### Task description
Copy out, from the data, each line containing the string "object".
++++ Data section
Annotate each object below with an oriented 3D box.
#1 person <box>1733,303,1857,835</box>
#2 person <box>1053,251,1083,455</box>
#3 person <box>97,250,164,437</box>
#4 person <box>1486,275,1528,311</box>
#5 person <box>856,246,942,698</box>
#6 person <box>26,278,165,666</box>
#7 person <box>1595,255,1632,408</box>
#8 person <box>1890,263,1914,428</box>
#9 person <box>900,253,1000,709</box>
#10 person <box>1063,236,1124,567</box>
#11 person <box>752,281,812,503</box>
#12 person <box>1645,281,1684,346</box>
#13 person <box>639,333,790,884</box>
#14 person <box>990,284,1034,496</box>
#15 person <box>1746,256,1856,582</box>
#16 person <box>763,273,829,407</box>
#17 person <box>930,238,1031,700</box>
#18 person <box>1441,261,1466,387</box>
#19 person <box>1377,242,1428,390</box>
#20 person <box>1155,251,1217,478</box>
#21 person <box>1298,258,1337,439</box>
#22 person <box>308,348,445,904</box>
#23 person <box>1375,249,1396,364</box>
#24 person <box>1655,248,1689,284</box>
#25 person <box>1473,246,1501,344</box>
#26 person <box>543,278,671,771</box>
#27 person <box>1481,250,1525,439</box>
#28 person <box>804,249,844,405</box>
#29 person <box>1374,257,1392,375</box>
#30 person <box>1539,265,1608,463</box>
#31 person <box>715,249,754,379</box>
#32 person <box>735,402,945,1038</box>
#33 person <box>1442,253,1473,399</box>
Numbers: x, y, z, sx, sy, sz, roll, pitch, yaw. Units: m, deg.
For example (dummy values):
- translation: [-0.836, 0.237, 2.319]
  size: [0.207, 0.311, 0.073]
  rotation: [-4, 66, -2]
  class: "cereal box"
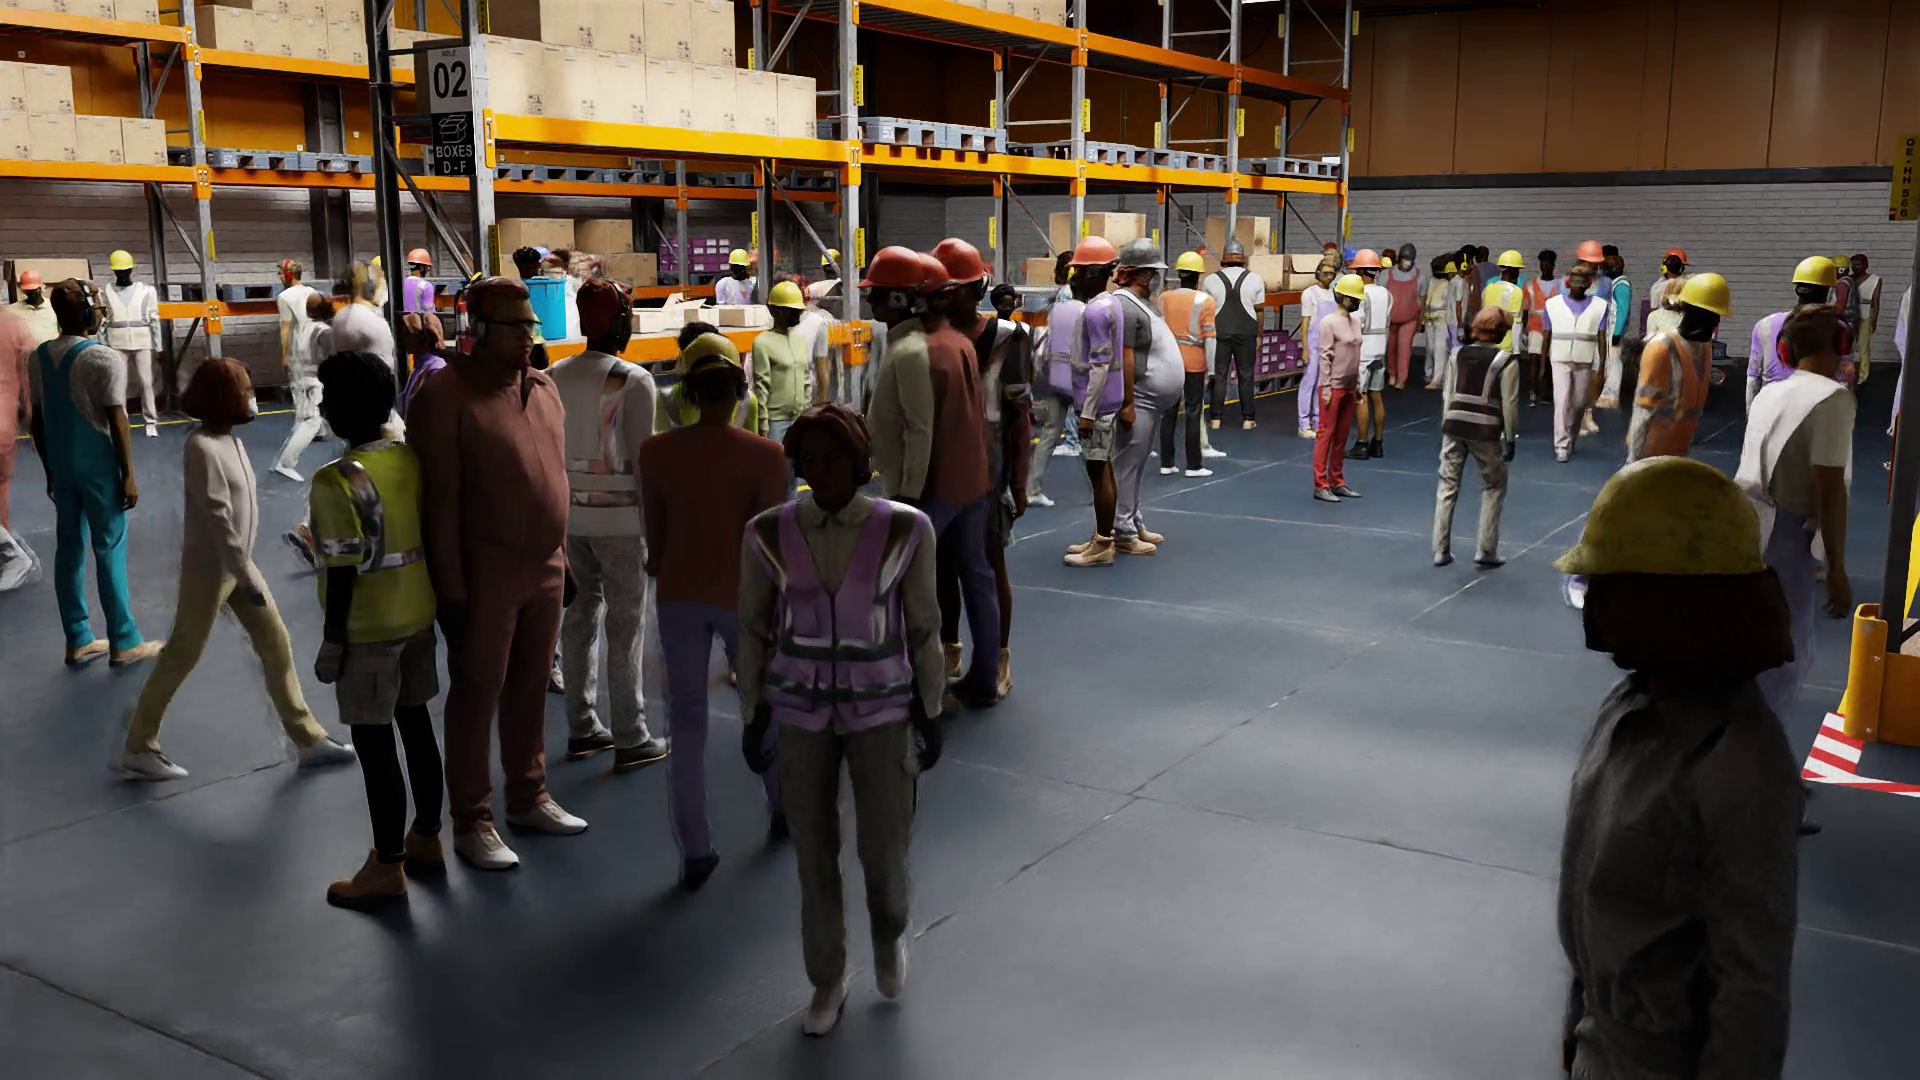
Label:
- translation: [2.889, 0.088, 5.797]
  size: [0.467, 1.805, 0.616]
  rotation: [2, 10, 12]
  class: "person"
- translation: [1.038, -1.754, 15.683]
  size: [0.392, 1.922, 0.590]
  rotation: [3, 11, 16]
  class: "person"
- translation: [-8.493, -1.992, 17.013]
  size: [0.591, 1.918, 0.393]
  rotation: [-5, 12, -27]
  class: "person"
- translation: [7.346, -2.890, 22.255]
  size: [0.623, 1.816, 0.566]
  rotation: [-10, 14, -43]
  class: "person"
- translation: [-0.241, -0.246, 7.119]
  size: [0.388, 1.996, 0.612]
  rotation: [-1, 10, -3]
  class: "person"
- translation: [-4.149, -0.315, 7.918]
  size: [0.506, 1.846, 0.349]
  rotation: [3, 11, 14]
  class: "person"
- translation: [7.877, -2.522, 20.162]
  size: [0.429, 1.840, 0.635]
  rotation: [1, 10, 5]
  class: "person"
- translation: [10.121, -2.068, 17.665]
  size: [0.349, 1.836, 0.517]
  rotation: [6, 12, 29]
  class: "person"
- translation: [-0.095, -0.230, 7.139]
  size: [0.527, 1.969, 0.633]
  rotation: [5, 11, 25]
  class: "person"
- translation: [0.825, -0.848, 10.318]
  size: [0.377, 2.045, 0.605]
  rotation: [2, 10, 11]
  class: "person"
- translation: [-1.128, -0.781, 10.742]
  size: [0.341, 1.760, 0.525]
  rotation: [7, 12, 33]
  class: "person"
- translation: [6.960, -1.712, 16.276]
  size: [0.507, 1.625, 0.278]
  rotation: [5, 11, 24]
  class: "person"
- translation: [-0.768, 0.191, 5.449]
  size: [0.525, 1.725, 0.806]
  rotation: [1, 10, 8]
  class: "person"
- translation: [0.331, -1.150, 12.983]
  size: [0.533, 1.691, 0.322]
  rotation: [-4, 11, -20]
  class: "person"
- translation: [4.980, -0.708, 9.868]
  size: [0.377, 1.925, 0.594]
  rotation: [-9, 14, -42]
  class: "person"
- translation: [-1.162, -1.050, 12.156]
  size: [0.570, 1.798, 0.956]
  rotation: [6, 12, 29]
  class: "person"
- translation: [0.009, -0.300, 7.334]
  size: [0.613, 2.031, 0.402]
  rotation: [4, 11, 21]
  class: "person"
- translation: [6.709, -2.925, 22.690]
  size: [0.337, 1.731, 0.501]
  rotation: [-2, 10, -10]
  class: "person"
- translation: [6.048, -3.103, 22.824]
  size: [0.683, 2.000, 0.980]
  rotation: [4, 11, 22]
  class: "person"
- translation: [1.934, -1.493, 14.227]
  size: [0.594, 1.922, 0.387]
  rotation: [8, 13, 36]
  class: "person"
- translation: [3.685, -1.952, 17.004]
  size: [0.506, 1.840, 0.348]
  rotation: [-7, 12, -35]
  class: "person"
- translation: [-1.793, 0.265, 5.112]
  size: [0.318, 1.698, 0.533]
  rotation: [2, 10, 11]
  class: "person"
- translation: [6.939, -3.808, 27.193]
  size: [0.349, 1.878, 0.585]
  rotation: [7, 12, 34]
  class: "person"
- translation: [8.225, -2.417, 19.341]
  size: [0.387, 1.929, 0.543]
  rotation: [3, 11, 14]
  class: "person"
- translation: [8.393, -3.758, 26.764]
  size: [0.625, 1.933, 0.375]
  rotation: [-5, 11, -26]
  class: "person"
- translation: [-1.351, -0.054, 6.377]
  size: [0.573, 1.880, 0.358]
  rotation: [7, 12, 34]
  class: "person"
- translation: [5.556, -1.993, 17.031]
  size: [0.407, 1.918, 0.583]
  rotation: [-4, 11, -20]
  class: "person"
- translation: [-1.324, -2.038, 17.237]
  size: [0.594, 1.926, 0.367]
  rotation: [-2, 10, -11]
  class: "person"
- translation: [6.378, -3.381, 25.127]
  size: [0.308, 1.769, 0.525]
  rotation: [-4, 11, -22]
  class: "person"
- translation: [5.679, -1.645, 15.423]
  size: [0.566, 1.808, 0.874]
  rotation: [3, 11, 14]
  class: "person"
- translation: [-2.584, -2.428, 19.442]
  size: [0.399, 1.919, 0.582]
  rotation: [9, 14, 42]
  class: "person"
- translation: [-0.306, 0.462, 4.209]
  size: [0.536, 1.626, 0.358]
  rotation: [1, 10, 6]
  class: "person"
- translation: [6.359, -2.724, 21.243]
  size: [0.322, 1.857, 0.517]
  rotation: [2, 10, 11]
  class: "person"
++++++++
++++ Data section
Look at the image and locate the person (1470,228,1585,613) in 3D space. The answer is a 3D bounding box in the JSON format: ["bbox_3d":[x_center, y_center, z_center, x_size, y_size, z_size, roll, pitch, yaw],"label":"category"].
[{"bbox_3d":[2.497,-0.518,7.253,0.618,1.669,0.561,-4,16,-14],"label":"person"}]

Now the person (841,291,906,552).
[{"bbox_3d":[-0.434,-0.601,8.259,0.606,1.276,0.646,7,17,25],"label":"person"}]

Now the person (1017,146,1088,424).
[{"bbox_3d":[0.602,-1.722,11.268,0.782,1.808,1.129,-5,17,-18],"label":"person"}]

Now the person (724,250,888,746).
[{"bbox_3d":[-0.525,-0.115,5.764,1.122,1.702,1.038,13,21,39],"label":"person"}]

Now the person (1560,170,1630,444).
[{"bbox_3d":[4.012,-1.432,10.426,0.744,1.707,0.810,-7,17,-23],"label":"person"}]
++++++++
++++ Data section
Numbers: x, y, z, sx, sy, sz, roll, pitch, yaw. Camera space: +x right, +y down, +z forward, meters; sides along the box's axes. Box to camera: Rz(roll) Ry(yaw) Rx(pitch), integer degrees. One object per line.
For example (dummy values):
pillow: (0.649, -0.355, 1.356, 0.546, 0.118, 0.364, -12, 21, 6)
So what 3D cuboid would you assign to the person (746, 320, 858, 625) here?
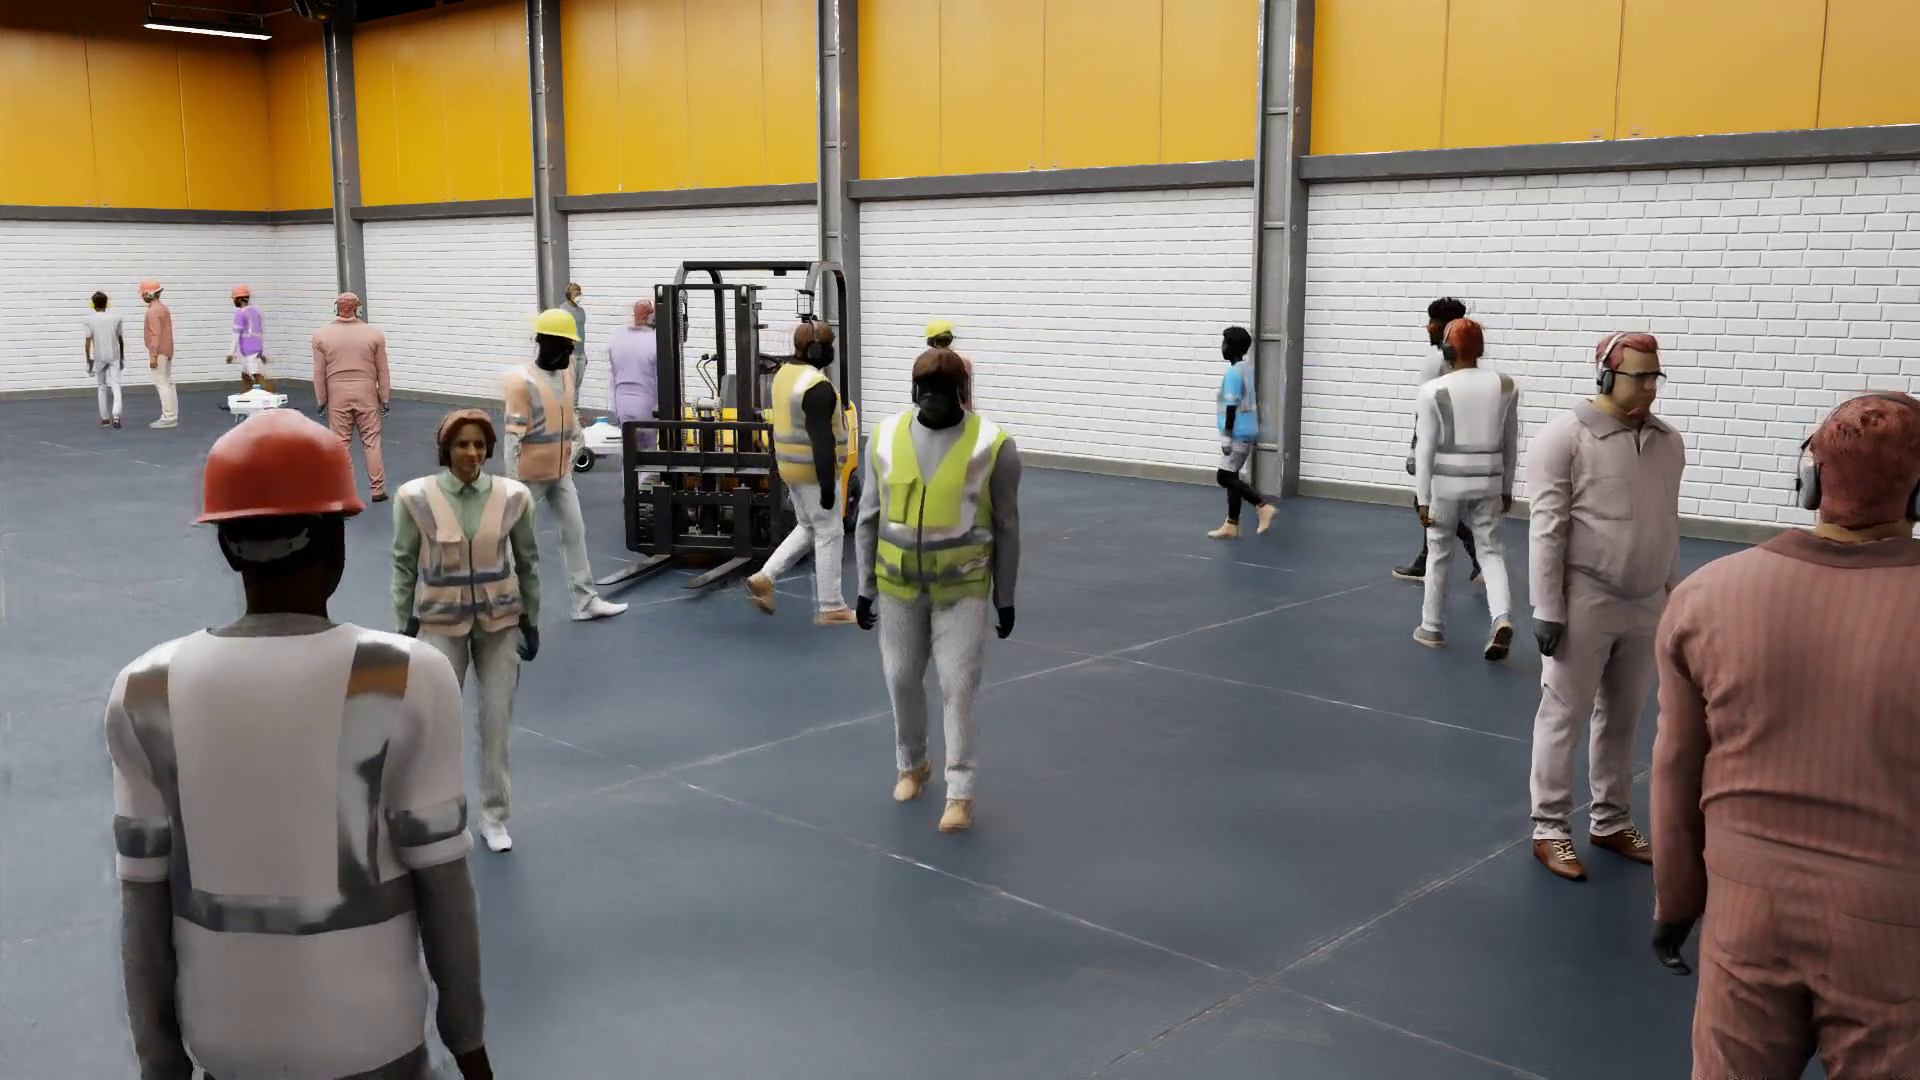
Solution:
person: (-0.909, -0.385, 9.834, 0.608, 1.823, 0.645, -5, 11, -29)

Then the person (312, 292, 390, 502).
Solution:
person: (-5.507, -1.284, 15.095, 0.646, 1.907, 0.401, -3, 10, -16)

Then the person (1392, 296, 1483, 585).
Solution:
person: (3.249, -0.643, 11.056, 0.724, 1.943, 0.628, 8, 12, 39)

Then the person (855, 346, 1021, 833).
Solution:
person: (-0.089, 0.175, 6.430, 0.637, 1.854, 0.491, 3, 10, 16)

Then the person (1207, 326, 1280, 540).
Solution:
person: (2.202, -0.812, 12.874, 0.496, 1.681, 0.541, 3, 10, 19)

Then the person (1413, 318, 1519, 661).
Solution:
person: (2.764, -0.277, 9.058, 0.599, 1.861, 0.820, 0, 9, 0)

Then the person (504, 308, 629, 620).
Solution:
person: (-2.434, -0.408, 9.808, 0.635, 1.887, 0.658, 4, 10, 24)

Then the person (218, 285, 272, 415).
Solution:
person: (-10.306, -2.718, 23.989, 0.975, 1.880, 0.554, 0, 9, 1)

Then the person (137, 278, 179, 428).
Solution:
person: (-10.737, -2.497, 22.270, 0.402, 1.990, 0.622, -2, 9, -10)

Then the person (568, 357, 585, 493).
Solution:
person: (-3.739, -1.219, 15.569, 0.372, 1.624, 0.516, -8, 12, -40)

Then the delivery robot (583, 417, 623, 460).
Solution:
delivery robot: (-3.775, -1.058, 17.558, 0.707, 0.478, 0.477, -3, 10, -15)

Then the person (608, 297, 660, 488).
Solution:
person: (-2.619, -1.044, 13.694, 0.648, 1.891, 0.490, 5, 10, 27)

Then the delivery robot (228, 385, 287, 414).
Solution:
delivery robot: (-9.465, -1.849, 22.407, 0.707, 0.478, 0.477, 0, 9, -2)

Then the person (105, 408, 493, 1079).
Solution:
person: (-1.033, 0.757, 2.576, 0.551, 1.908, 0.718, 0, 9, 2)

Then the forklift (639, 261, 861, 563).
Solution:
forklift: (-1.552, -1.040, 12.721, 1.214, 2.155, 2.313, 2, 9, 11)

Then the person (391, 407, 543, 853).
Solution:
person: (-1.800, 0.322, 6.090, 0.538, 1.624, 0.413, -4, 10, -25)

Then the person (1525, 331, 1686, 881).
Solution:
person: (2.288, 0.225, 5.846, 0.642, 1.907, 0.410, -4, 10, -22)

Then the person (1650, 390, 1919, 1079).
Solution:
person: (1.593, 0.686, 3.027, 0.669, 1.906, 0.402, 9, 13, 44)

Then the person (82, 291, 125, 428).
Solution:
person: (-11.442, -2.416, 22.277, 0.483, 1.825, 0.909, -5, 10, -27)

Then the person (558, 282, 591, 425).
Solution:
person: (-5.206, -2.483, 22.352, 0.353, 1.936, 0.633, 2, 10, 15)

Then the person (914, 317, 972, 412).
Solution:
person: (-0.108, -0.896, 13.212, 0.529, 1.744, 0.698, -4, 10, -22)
++++++++
### Result of this exercise
Annotate each object below with an oriented 3D box.
Numbers: x, y, z, sx, sy, sz, roll, pitch, yaw. Camera space: +x right, +y down, +z forward, meters; sides along the box's axes. Box to camera: Rz(roll) Ry(yaw) Rx(pitch), integer degrees. One object per line.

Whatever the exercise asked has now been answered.